W trakcie zamawiania jadła dla kompanów Dieter niewinnie wspomniał oberżyście o rybach. Co niespodziewanie wywołało gorzką reakcję stojącego przy szynkwasie wąsatego jegomościa, kupca rybnego. Pohamował on optymizm rosłego młodziana odnośnie możliwości spożycia darów rzeki. Zaciekawiony giermek, oczekując na zamówienie, uprzejmie pozwolił mówić nieznajomemu. Dzięki czemu uzyskał szczegółowe informacje odnośnie problemów stanu lokalnego rynku rybnego. Podchmielony kupiec przepełnionym sromotą głosem opowiedział, jak to interesy w branży powoli mają się ku gorszemu. Chociaż jeszcze niedawno było całkiem odwrotnie. Rzeka Talabek, nad którą leży Taalagad, niegdyś obfitowała w różne gatunki ryb. Jednak wojna i napływ uchodźców sprawiły, że stały się one towarem bardzo pożądanym. W efekcie okoliczne zasoby rybne zostały poważnie uszczuplone. Znaczny popyt napędzał też szaloną podaż. I powodował widoczny wzrost konkurencji. Na domiar złego od jakiegoś czasu w pobliżu zaczęto wyławiać zdeformowane sztuki. Kupiec przezornie wystrzegał się od podawania przyczyny tego stanu, ale powiedział, że niektórzy winili za to czarną magię, inni zbytnie eksploatowanie zasobów. Odnośnie tego drugiego intuicja junaka podpowiadała mu, że dla bogobojnych wyznawców Taala zasiedlających cały Talabekland coś takiego mogło być efektem boskiej kary za spowodowane ludzką pazernością zachwianie naturalnej równowagi. W każdym razie wąsacz przestrzegł, że mięso zmutowanych ryb nie nadaje się jedzenia i nawet najwięksi desperaci go nie tykali. Obecnie zaś ryby są trudno dostępne, a przez to drogie. Pochodzą jedynie z połowów w dole rzeki. No i zanim docierają na stragany, mija kilka dni, więc z reguły są nadpsute. Mimo to wciąż są towarem niezwykle pożądanym. Choć konieczność długich kursów i szukania dalekich łowisk powoli zaczyna zmniejszać jego przychody. Gdy tamten skończył wywód w międzyczasie Sluro zaserował Dieterowi półmiski z jadłem, zatem giermek pożegnał się ze swym rozmówcą i wrócił do stolika, przy którym zasiadała jego kompania.

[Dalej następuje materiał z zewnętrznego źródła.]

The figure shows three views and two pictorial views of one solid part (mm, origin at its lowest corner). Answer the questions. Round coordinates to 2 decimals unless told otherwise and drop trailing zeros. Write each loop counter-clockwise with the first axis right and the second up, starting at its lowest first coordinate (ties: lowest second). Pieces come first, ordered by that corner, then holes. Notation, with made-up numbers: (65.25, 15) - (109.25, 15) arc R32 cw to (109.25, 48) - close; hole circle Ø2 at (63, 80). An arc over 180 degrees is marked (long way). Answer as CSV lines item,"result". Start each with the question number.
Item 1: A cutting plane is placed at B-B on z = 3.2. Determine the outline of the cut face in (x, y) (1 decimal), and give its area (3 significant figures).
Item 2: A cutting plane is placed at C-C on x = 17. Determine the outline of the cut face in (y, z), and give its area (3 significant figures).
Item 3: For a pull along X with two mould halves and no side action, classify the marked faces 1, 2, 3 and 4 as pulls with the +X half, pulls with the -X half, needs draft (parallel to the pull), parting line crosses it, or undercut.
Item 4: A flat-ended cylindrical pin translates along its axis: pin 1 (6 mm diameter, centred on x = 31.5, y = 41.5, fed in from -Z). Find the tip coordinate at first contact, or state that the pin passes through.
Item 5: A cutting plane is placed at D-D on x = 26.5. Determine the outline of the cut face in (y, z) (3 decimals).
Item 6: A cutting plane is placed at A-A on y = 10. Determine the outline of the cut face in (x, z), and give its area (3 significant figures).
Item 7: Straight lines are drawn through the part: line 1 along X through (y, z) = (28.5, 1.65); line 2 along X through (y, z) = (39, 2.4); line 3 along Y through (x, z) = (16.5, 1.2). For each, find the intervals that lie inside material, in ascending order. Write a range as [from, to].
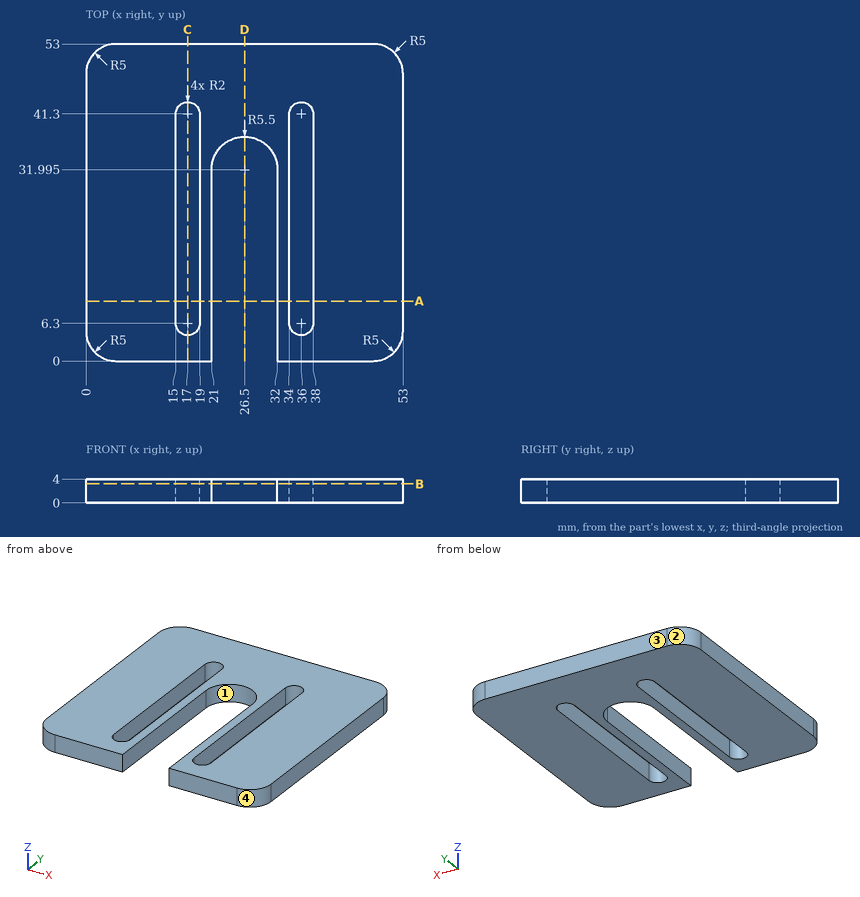
Geometry says:
1,outline,"(0, 5) arc R5 ccw to (5, 0) - (21, 0) - (21, 32) arc R5.5 cw to (32, 32) - (32, 0) - (48, 0) arc R5 ccw to (53, 5) - (53, 48) arc R5 ccw to (48, 53) - (5, 53) arc R5 ccw to (0, 48) - close; hole (15, 6.3) arc R2 ccw to (19, 6.3) - (19, 41.3) arc R2 ccw to (15, 41.3) - close; hole (34, 6.3) arc R2 ccw to (38, 6.3) - (38, 41.3) arc R2 ccw to (34, 41.3) - close"
1,area,"2,080 mm^2"
2,outline,"(0, 0) - (4.3, 0) - (4.3, 4) - (0, 4) - close; (43.3, 0) - (53, 0) - (53, 4) - (43.3, 4) - close"
2,area,"56.0 mm^2"
3,face 1,"undercut"
3,face 2,"pulls with the -X half"
3,face 3,"needs draft"
3,face 4,"pulls with the +X half"
4,pin 1,"stops at z = 0"
5,outline,"(37.495, 0) - (53, 0) - (53, 4) - (37.495, 4) - close"
6,outline,"(0, 0) - (15, 0) - (15, 4) - (0, 4) - close; (19, 0) - (21, 0) - (21, 4) - (19, 4) - close; (32, 0) - (34, 0) - (34, 4) - (32, 4) - close; (38, 0) - (53, 0) - (53, 4) - (38, 4) - close"
6,area,"136 mm^2"
7,line 1,"x = [0, 15], [19, 21], [32, 34], [38, 53]"
7,line 2,"x = [0, 15], [19, 34], [38, 53]"
7,line 3,"y = [0, 4.36], [43.24, 53]"

Gdy olbrzymi Dieter wyszedł z gospody, od razu dostrzegł po swej lewicy smukłą niewiastę obcej rasy, stojącą na najwyższym ze schodków wejściowych, nonszalancko opierającą się plecami o ścianę w pobliżu odrzwi wejściowych. Ewidentnie czekała na jego drużynę, tak jak zapowiedziała. Na jej widok giermek przez moment zapomniał języka w gębie. W międzyczasie obca obejrzała go dokładnie i tak bezwstydnie, że aż spłonił się.
— Tylko ty? — zapytała w końcu, nie zdradzając przy tym cienia głębszych emocji.
Młodzian nie miał jednak okazji jej odpowiedzieć, bowiem zaraz pobliskie zawiasy zaskrzypiały i zza progu „Kota o Dziewięciu Ogonach” wyłonił się jeszcze wytatuowany biczownik, a wkrótce po nim medyczka.
— A waszmościowie rycerze nie dołączą? — zapytała zastrzygłszy delikatnie szpiczastymi uszami, jakby chciała wyłowić z wewnątrz odgłos ich podkutego obuwia.
Widząc jednak wymowne spojrzenia przybyłych, obróciła twarz i rzekła.
— Huh, widocznie ciężko im pańskie rzycie podnieść. Ruszajmy zatem. To nie tak daleko, możecie zadawać swoje pytania, ale chyba lepiej jak wszystkiego dowiecie się od samego staruszka.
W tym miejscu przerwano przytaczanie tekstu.